ACTION ITEM - Each line of the entries that mentions the string "Would" needs to be reported.

PROVIDED DATA -
◆ ◆ ◆ ◆
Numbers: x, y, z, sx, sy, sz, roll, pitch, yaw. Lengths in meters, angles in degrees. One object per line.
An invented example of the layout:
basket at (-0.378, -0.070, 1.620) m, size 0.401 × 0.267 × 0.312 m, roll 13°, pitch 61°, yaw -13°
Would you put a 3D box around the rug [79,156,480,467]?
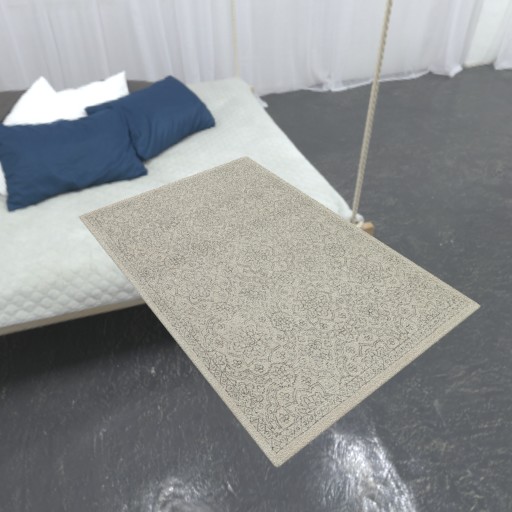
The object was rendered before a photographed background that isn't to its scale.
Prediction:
rug at (0.000, 0.000, 2.894) m, size 1.524 × 0.011 × 2.286 m, roll -26°, pitch 47°, yaw -27°
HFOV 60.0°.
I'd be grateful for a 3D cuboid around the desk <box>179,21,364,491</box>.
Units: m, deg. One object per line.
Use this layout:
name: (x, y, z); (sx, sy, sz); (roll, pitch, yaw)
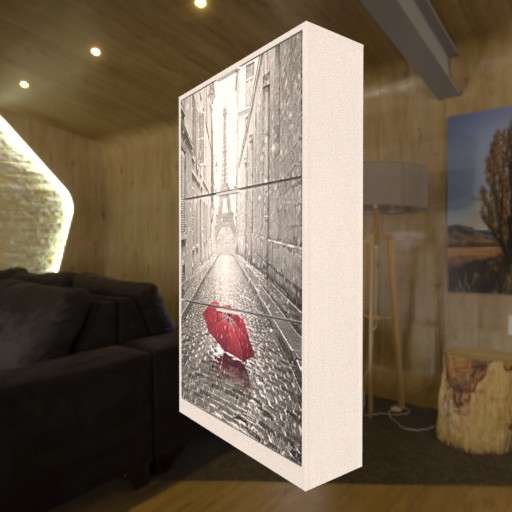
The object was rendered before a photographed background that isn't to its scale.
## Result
desk: (0.000, 0.000, 1.571); (0.250, 1.280, 0.750); (-1, 1, -37)
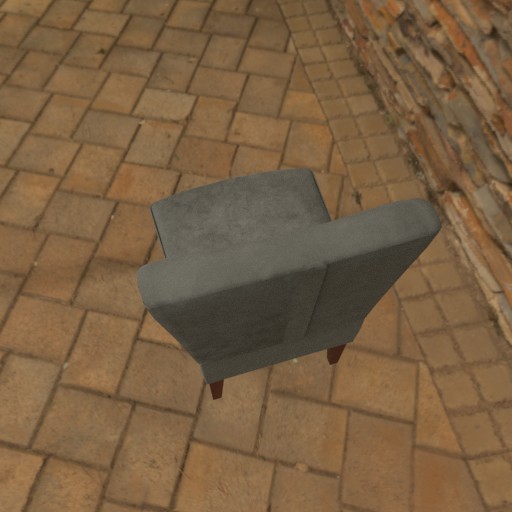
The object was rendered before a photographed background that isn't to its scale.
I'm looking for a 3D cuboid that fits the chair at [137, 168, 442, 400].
[{"bbox_3d":[0.000,0.000,1.183,0.521,0.806,0.554,-14,60,-8],"label":"chair"}]
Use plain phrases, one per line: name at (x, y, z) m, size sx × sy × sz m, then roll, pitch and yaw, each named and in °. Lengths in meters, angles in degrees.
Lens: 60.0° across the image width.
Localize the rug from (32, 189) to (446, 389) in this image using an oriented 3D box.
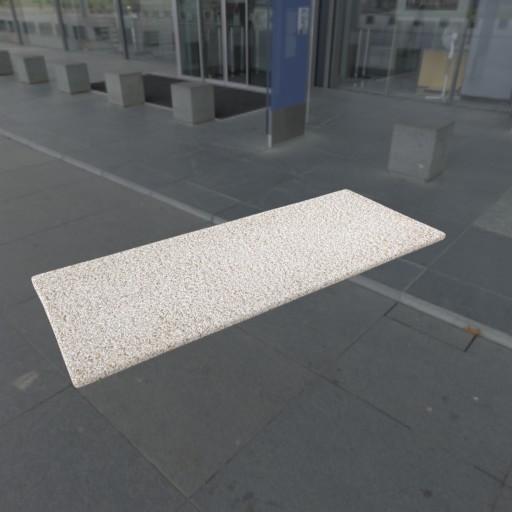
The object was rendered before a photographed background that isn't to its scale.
rug at (0.000, 0.000, 1.725) m, size 1.524 × 0.030 × 0.609 m, roll -18°, pitch 35°, yaw -28°
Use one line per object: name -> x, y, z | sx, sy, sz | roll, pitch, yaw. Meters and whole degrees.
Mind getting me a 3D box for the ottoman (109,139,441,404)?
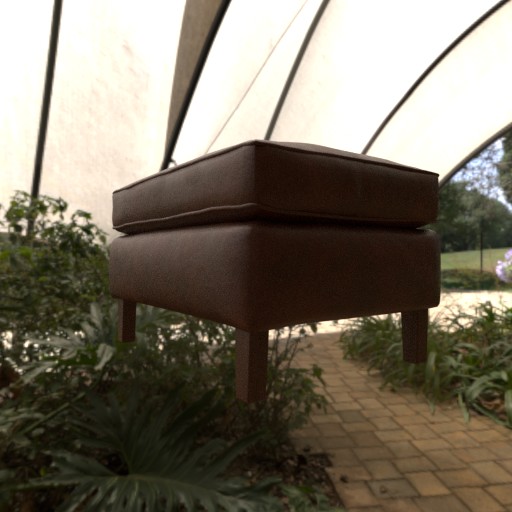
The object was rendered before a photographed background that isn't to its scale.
ottoman -> 0.000, 0.000, 1.007 | 0.501, 0.432, 0.665 | 0, 0, -35
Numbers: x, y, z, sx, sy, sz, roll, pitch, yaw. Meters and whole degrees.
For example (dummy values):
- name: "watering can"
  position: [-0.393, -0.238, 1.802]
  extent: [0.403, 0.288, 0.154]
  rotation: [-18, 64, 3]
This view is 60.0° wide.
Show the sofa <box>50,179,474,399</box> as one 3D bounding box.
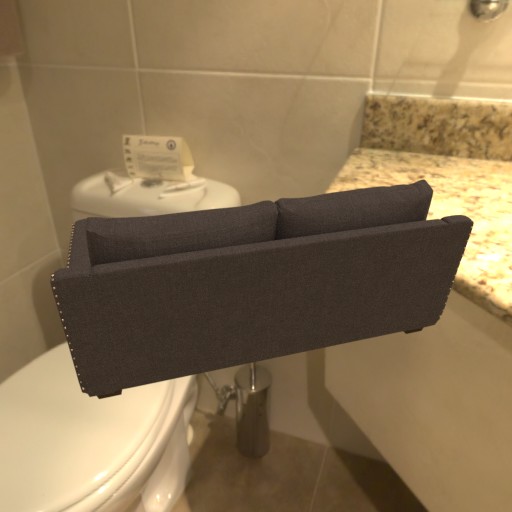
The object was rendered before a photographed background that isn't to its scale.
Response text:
- name: "sofa"
  position: [0.000, 0.000, 3.272]
  extent: [2.550, 1.196, 1.336]
  rotation: [-8, 29, -15]
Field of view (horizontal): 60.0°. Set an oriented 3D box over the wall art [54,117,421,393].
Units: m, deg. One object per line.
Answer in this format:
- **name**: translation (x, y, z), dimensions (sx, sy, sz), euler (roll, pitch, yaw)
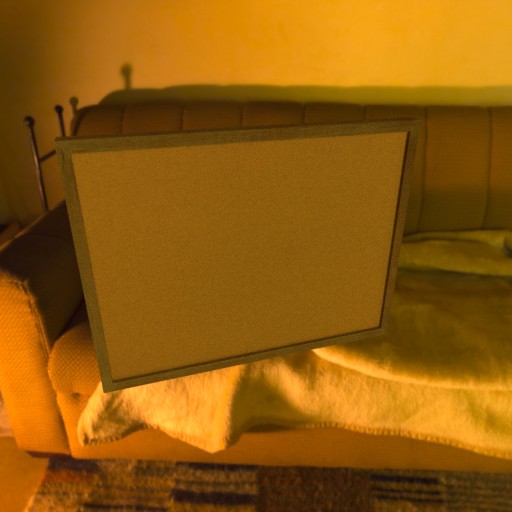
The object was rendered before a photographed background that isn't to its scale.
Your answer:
- **wall art**: translation (0.000, 0.000, 1.787), dimensions (1.320, 1.009, 0.070), euler (-8, 27, -16)
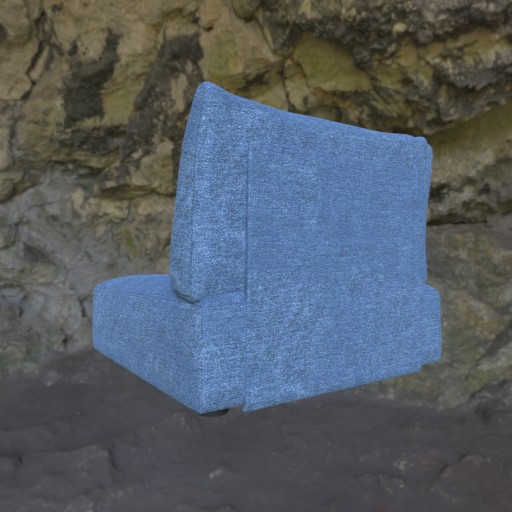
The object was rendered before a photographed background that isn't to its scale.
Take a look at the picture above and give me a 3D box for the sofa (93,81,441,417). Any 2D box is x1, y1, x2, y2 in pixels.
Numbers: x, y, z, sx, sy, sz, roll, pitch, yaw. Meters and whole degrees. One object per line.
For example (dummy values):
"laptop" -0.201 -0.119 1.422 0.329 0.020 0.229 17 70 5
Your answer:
"sofa" 0.000 0.000 1.694 1.000 0.820 1.000 0 -1 -35
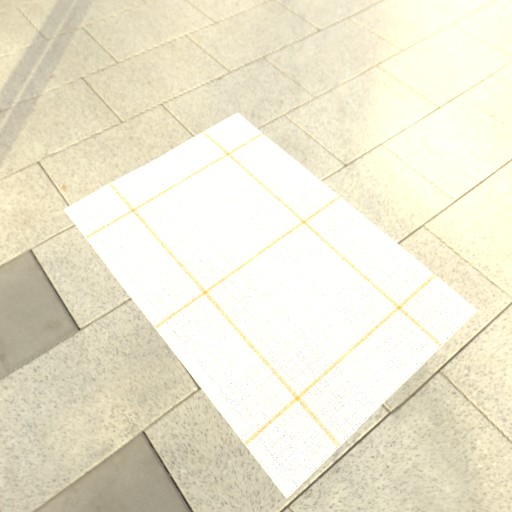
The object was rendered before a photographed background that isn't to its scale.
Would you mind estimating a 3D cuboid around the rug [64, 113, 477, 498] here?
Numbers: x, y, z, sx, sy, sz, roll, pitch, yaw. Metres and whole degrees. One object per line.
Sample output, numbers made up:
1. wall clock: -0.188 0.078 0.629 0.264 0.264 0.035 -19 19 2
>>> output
1. rug: 0.000 0.000 2.273 1.232 0.015 1.825 -35 64 -20
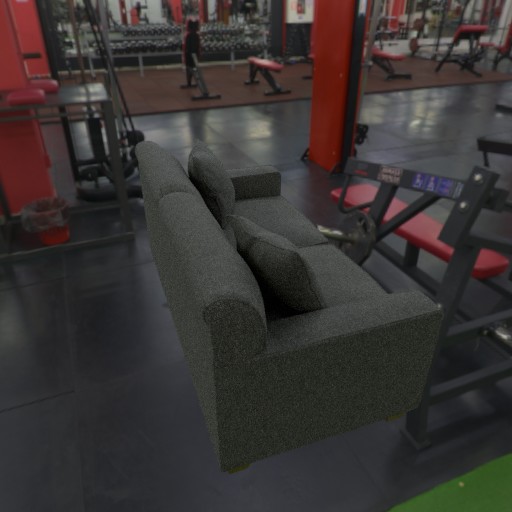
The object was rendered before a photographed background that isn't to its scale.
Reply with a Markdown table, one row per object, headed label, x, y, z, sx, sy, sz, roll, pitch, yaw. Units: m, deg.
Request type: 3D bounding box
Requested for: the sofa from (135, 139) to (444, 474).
| label | x | y | z | sx | sy | sz | roll | pitch | yaw |
| --- | --- | --- | --- | --- | --- | --- | --- | --- | --- |
| sofa | 0.000 | 0.000 | 2.427 | 0.998 | 0.958 | 1.846 | -10 | 32 | -17 |
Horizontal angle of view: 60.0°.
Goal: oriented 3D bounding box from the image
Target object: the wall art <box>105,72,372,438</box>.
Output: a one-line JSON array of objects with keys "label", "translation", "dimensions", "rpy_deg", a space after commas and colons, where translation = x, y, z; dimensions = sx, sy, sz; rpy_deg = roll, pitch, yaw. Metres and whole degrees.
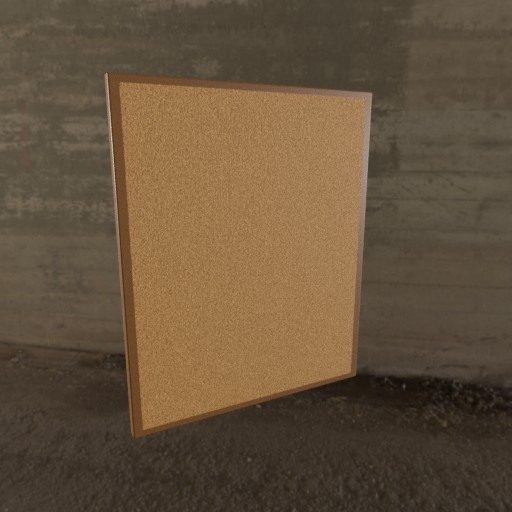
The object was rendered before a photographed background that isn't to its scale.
[{"label": "wall art", "translation": [0.000, 0.000, 0.753], "dimensions": [0.449, 0.550, 0.021], "rpy_deg": [-7, 15, -26]}]
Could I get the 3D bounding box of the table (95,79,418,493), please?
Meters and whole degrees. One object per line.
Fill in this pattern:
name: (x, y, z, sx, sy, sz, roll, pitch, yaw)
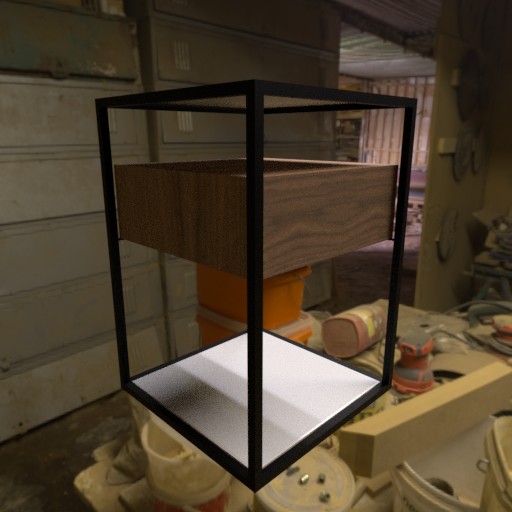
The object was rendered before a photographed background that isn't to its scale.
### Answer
table: (0.000, 0.000, 0.804, 0.378, 0.540, 0.378, -15, 21, -43)
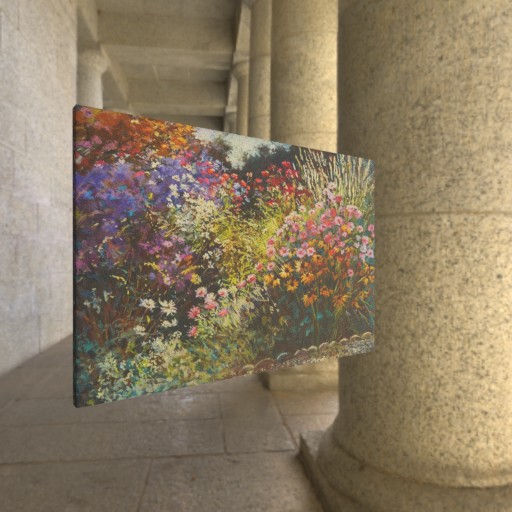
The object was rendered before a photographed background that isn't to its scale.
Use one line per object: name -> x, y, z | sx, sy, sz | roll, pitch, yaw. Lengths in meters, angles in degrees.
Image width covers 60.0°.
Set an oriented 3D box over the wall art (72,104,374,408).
wall art -> 0.000, 0.000, 1.455 | 1.136, 0.760, 0.042 | 0, 0, -36
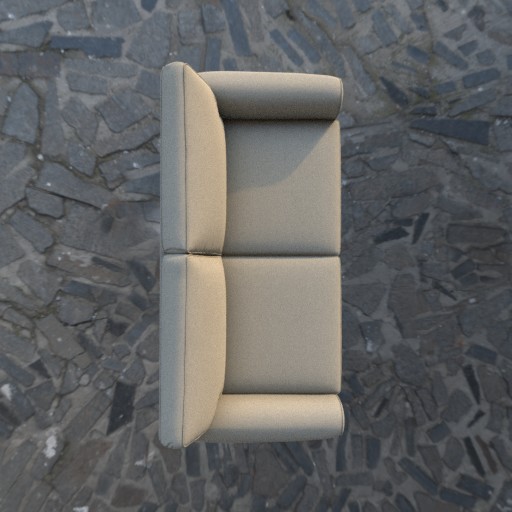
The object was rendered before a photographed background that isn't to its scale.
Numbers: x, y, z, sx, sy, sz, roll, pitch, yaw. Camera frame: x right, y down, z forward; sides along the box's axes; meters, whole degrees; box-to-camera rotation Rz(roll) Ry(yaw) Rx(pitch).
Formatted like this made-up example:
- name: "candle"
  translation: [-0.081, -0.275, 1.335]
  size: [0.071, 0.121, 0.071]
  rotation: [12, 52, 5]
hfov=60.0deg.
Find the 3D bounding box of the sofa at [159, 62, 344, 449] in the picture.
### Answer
- name: "sofa"
  translation: [0.000, 0.000, 2.388]
  size: [0.940, 0.952, 1.930]
  rotation: [0, 89, -1]
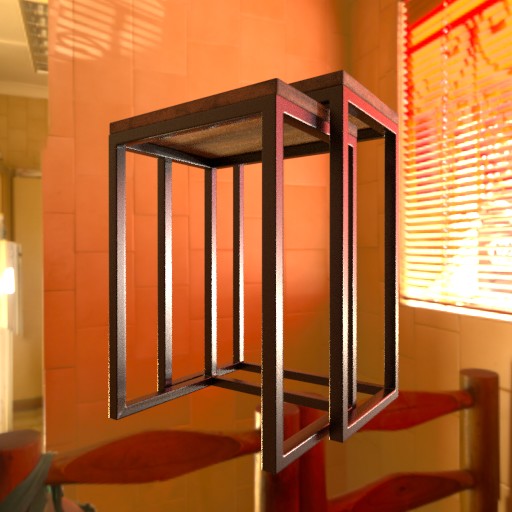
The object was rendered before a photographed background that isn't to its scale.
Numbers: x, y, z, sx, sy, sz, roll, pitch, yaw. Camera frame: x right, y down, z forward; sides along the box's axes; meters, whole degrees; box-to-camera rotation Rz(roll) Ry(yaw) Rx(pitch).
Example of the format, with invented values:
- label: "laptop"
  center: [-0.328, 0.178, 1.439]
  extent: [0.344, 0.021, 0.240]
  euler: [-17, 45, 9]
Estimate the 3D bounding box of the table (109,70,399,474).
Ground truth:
- label: "table"
  center: [0.000, 0.000, 0.916]
  extent: [0.456, 0.615, 0.460]
  euler: [0, 0, 37]
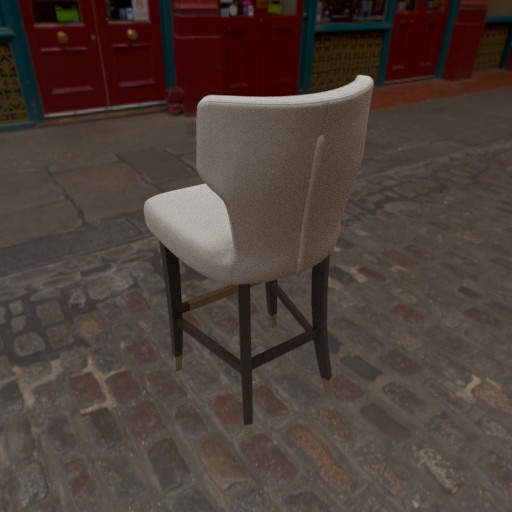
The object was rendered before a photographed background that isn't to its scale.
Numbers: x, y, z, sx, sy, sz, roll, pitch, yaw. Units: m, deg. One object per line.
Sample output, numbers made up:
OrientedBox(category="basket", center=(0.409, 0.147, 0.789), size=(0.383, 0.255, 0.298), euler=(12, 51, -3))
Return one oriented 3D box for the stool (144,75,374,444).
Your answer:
OrientedBox(category="stool", center=(0.000, 0.000, 1.428), size=(0.526, 1.092, 0.563), euler=(-19, 36, -29))
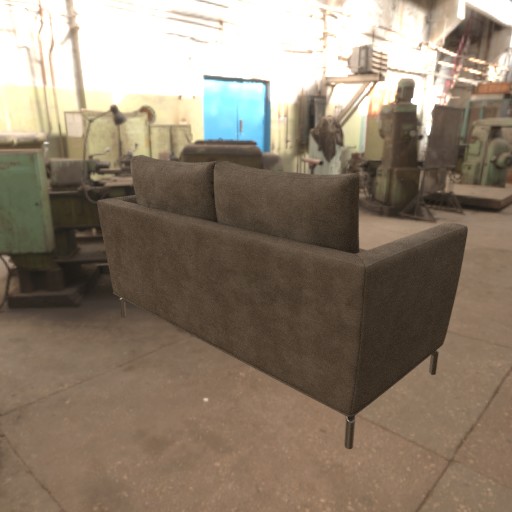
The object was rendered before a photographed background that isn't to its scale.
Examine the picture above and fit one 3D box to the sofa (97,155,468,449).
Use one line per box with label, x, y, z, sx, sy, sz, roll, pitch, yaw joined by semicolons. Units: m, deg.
sofa;0.000;0.000;2.349;1.832;1.013;0.855;16;23;43
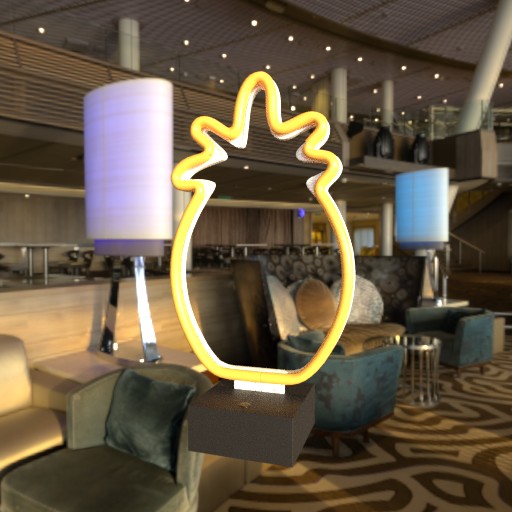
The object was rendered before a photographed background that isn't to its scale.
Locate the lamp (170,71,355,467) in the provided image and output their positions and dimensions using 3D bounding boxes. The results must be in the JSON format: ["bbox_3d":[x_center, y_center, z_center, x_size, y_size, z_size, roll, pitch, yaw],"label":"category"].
[{"bbox_3d":[0.000,0.000,0.386,0.167,0.317,0.088,0,1,18],"label":"lamp"}]
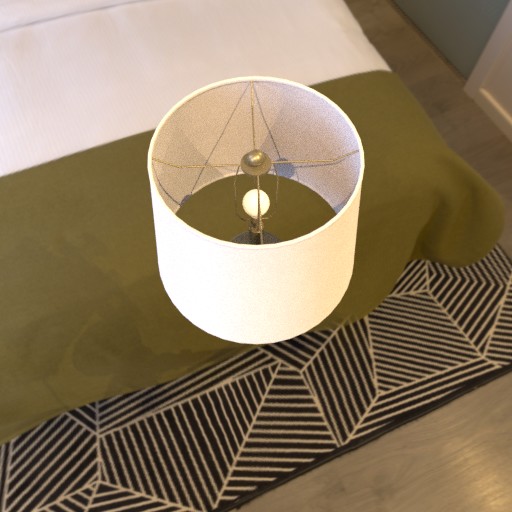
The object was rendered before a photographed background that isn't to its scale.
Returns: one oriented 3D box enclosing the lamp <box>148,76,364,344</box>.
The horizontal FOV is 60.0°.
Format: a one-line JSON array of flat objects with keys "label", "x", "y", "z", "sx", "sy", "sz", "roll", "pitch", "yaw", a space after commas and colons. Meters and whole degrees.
[{"label": "lamp", "x": 0.000, "y": 0.000, "z": 0.564, "sx": 0.239, "sy": 0.399, "sz": 0.239, "roll": 0, "pitch": 63, "yaw": 0}]
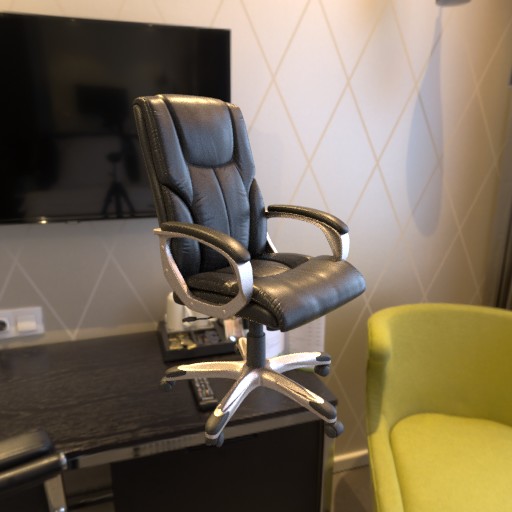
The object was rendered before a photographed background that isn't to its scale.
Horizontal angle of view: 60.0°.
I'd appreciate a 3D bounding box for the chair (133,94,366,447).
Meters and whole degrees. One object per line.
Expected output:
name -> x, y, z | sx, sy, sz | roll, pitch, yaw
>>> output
chair -> 0.000, 0.000, 1.617 | 0.780, 1.145, 0.700 | 13, 20, 41
◆ ◆ ◆ ◆
RESULT -
Would you put a 3D box around the rug [79,156,480,467]?
Would you mind estimating a 3D cuboid around the rug [64, 113, 477, 498] here?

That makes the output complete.